Task goal :: Every entry is to be transcribed as it stands. Images stay out.

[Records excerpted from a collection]
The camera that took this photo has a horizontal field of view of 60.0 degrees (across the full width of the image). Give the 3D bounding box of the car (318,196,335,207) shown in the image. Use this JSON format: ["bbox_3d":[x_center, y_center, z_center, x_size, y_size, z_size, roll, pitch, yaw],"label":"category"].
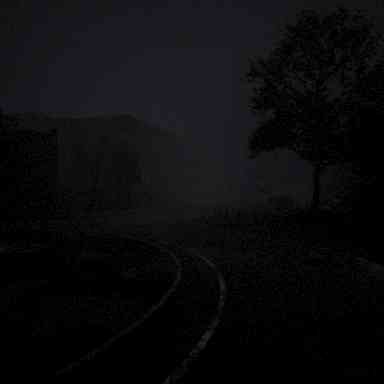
[{"bbox_3d":[21.650,1.766,54.356,1.895,1.301,4.718,0,0,18],"label":"car"}]

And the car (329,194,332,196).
[{"bbox_3d":[31.640,1.501,69.472,5.566,2.045,2.435,0,0,18],"label":"car"}]

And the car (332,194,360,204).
[{"bbox_3d":[29.830,1.594,63.983,4.553,1.767,2.185,0,1,18],"label":"car"}]

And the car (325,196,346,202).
[{"bbox_3d":[36.860,1.833,85.459,4.792,1.488,2.163,0,0,18],"label":"car"}]

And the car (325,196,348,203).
[{"bbox_3d":[35.959,1.795,82.783,5.008,1.535,2.097,0,0,18],"label":"car"}]

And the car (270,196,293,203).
[{"bbox_3d":[20.501,1.719,75.819,5.008,1.535,2.097,0,0,18],"label":"car"}]

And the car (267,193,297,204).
[{"bbox_3d":[18.742,1.445,70.448,5.566,2.045,2.435,0,0,18],"label":"car"}]

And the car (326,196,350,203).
[{"bbox_3d":[35.091,1.788,80.096,5.008,1.535,2.097,0,0,18],"label":"car"}]

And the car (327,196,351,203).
[{"bbox_3d":[34.224,1.781,77.408,4.892,1.521,2.231,0,0,18],"label":"car"}]

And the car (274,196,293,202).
[{"bbox_3d":[23.114,1.785,83.883,4.674,1.452,2.002,0,0,18],"label":"car"}]

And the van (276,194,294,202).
[{"bbox_3d":[24.961,1.535,89.226,4.442,1.987,1.878,0,0,18],"label":"van"}]

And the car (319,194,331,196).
[{"bbox_3d":[24.439,1.710,63.057,2.128,1.511,4.902,0,0,18],"label":"car"}]

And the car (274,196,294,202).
[{"bbox_3d":[23.953,1.782,86.581,4.792,1.488,2.163,0,0,18],"label":"car"}]

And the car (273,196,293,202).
[{"bbox_3d":[22.240,1.777,81.195,4.674,1.452,2.002,0,0,18],"label":"car"}]

The completed task ::
The camera that took this photo has a horizontal field of view of 60.0 degrees (across the full width of the image). Give the 3D bounding box of the car (318,196,335,207) shown in the image. Use this JSON format: ["bbox_3d":[x_center, y_center, z_center, x_size, y_size, z_size, roll, pitch, yaw],"label":"category"].
[{"bbox_3d":[21.650,1.766,54.356,1.895,1.301,4.718,0,0,18],"label":"car"}]

And the car (329,194,332,196).
[{"bbox_3d":[31.640,1.501,69.472,5.566,2.045,2.435,0,0,18],"label":"car"}]

And the car (332,194,360,204).
[{"bbox_3d":[29.830,1.594,63.983,4.553,1.767,2.185,0,1,18],"label":"car"}]

And the car (325,196,346,202).
[{"bbox_3d":[36.860,1.833,85.459,4.792,1.488,2.163,0,0,18],"label":"car"}]

And the car (325,196,348,203).
[{"bbox_3d":[35.959,1.795,82.783,5.008,1.535,2.097,0,0,18],"label":"car"}]

And the car (270,196,293,203).
[{"bbox_3d":[20.501,1.719,75.819,5.008,1.535,2.097,0,0,18],"label":"car"}]

And the car (267,193,297,204).
[{"bbox_3d":[18.742,1.445,70.448,5.566,2.045,2.435,0,0,18],"label":"car"}]

And the car (326,196,350,203).
[{"bbox_3d":[35.091,1.788,80.096,5.008,1.535,2.097,0,0,18],"label":"car"}]

And the car (327,196,351,203).
[{"bbox_3d":[34.224,1.781,77.408,4.892,1.521,2.231,0,0,18],"label":"car"}]

And the car (274,196,293,202).
[{"bbox_3d":[23.114,1.785,83.883,4.674,1.452,2.002,0,0,18],"label":"car"}]

And the van (276,194,294,202).
[{"bbox_3d":[24.961,1.535,89.226,4.442,1.987,1.878,0,0,18],"label":"van"}]

And the car (319,194,331,196).
[{"bbox_3d":[24.439,1.710,63.057,2.128,1.511,4.902,0,0,18],"label":"car"}]

And the car (274,196,294,202).
[{"bbox_3d":[23.953,1.782,86.581,4.792,1.488,2.163,0,0,18],"label":"car"}]

And the car (273,196,293,202).
[{"bbox_3d":[22.240,1.777,81.195,4.674,1.452,2.002,0,0,18],"label":"car"}]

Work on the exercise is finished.